INFORMATION START

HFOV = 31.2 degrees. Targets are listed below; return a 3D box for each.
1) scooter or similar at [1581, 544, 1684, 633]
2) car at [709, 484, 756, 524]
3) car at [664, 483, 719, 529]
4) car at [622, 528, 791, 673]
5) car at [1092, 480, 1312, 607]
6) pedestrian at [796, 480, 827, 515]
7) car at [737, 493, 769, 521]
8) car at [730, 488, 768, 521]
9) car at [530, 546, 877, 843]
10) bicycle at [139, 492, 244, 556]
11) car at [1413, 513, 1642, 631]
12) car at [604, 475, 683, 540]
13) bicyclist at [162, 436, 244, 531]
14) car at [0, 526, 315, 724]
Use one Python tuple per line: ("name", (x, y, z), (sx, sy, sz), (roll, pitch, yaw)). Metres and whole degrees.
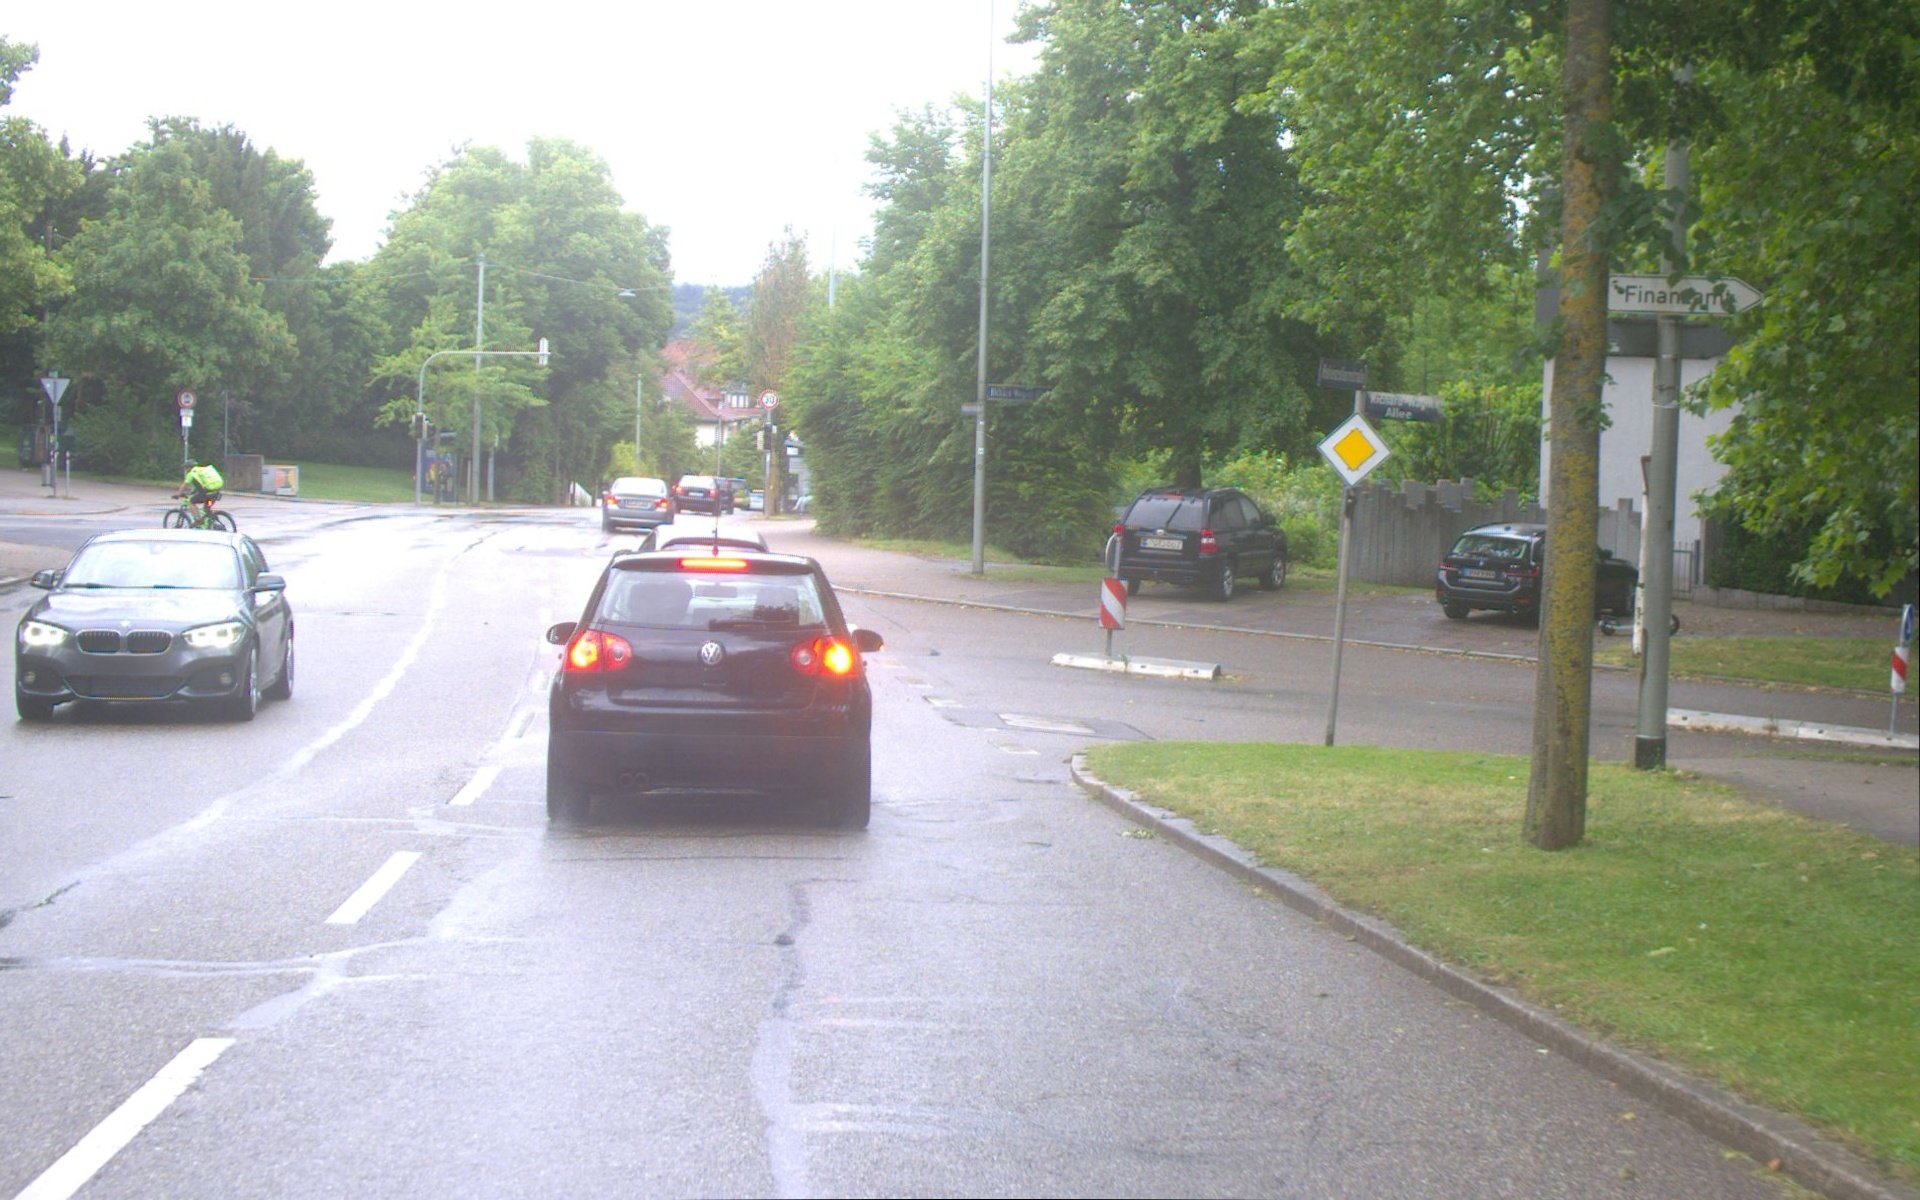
("scooter or similar", (9.834, -0.173, 50.264), (1.335, 1.281, 0.562), (1, 1, -11))
("car", (-9.194, -3.880, 138.974), (1.721, 1.459, 4.001), (5, 2, -3))
("car", (-9.435, -3.318, 121.040), (1.721, 1.459, 4.001), (5, 2, -3))
("car", (-2.868, -0.033, 38.430), (1.754, 1.459, 4.001), (1, 1, -5))
("car", (3.921, -0.945, 54.907), (1.950, 1.683, 4.898), (4, 5, 23))
("pedestrian", (-5.826, -4.017, 135.056), (1.074, 1.351, 0.918), (1, 2, 5))
("car", (-12.310, -5.544, 204.479), (1.721, 1.459, 4.001), (5, 2, -3))
("car", (-10.285, -4.677, 167.892), (1.721, 1.459, 4.001), (5, 2, -3))
("car", (-1.401, 0.476, 19.588), (1.721, 1.459, 4.000), (2, 0, -3))
("bicycle", (-14.438, -1.434, 64.597), (2.036, 1.151, 0.852), (2, 1, 41))
("car", (8.727, -0.466, 52.569), (1.754, 1.464, 4.558), (6, 6, 32))
("car", (-7.990, -2.367, 87.044), (1.721, 1.459, 4.001), (5, 2, -3))
("bicyclist", (-14.177, -2.183, 64.395), (1.285, 1.749, 0.852), (2, 1, 41))
("car", (-6.238, 0.172, 27.105), (1.721, 1.379, 4.140), (2, 0, -4))

INFORMATION END

- [WORK INSTRUCTION]:
If any image appears in the entries, omit it and return the rest verbatim.

- [RESULT BELOW]:
HFOV = 31.2 degrees. Targets are listed below; return a 3D box for each.
1) scooter or similar at [1581, 544, 1684, 633]
2) car at [709, 484, 756, 524]
3) car at [664, 483, 719, 529]
4) car at [622, 528, 791, 673]
5) car at [1092, 480, 1312, 607]
6) pedestrian at [796, 480, 827, 515]
7) car at [737, 493, 769, 521]
8) car at [730, 488, 768, 521]
9) car at [530, 546, 877, 843]
10) bicycle at [139, 492, 244, 556]
11) car at [1413, 513, 1642, 631]
12) car at [604, 475, 683, 540]
13) bicyclist at [162, 436, 244, 531]
14) car at [0, 526, 315, 724]
Use one Python tuple per line: ("name", (x, y, z), (sx, sy, sz), (roll, pitch, yaw)). Metres and whole degrees.
("scooter or similar", (9.834, -0.173, 50.264), (1.335, 1.281, 0.562), (1, 1, -11))
("car", (-9.194, -3.880, 138.974), (1.721, 1.459, 4.001), (5, 2, -3))
("car", (-9.435, -3.318, 121.040), (1.721, 1.459, 4.001), (5, 2, -3))
("car", (-2.868, -0.033, 38.430), (1.754, 1.459, 4.001), (1, 1, -5))
("car", (3.921, -0.945, 54.907), (1.950, 1.683, 4.898), (4, 5, 23))
("pedestrian", (-5.826, -4.017, 135.056), (1.074, 1.351, 0.918), (1, 2, 5))
("car", (-12.310, -5.544, 204.479), (1.721, 1.459, 4.001), (5, 2, -3))
("car", (-10.285, -4.677, 167.892), (1.721, 1.459, 4.001), (5, 2, -3))
("car", (-1.401, 0.476, 19.588), (1.721, 1.459, 4.000), (2, 0, -3))
("bicycle", (-14.438, -1.434, 64.597), (2.036, 1.151, 0.852), (2, 1, 41))
("car", (8.727, -0.466, 52.569), (1.754, 1.464, 4.558), (6, 6, 32))
("car", (-7.990, -2.367, 87.044), (1.721, 1.459, 4.001), (5, 2, -3))
("bicyclist", (-14.177, -2.183, 64.395), (1.285, 1.749, 0.852), (2, 1, 41))
("car", (-6.238, 0.172, 27.105), (1.721, 1.379, 4.140), (2, 0, -4))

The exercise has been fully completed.